Check every line of the entries that follow, and copy the ones containing "during".
#### Source data ####
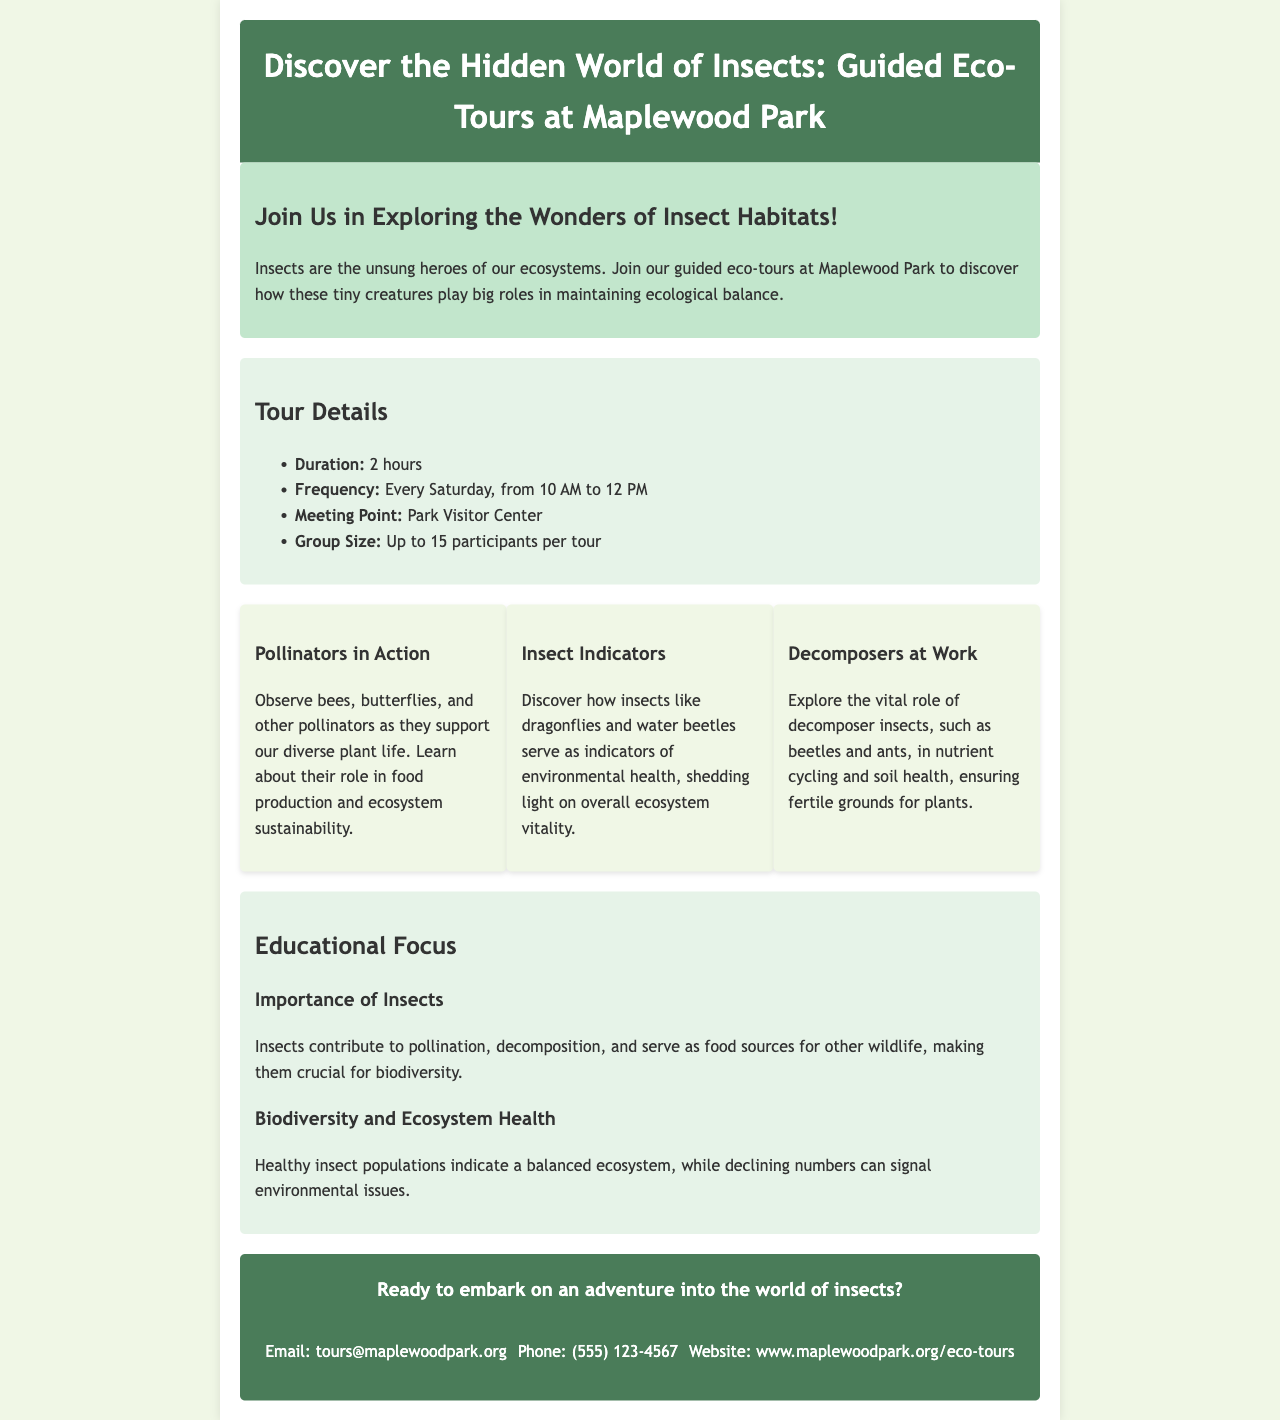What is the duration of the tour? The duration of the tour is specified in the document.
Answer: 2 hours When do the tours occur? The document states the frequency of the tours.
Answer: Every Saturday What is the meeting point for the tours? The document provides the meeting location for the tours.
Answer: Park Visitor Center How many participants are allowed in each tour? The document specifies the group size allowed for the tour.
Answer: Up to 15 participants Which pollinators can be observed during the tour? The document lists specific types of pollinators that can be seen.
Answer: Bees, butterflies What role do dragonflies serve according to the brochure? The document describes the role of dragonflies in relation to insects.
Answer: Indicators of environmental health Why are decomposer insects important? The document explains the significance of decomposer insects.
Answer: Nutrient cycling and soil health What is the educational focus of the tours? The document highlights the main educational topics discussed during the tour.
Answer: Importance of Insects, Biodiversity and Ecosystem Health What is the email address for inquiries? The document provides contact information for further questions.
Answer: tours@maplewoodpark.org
####
● Response:
Answer: Up to 15 participants Which pollinators can be observed during the tour? The document lists specific types of pollinators that can be seen.
Answer: Nutrient cycling and soil health What is the educational focus of the tours? The document highlights the main educational topics discussed during the tour.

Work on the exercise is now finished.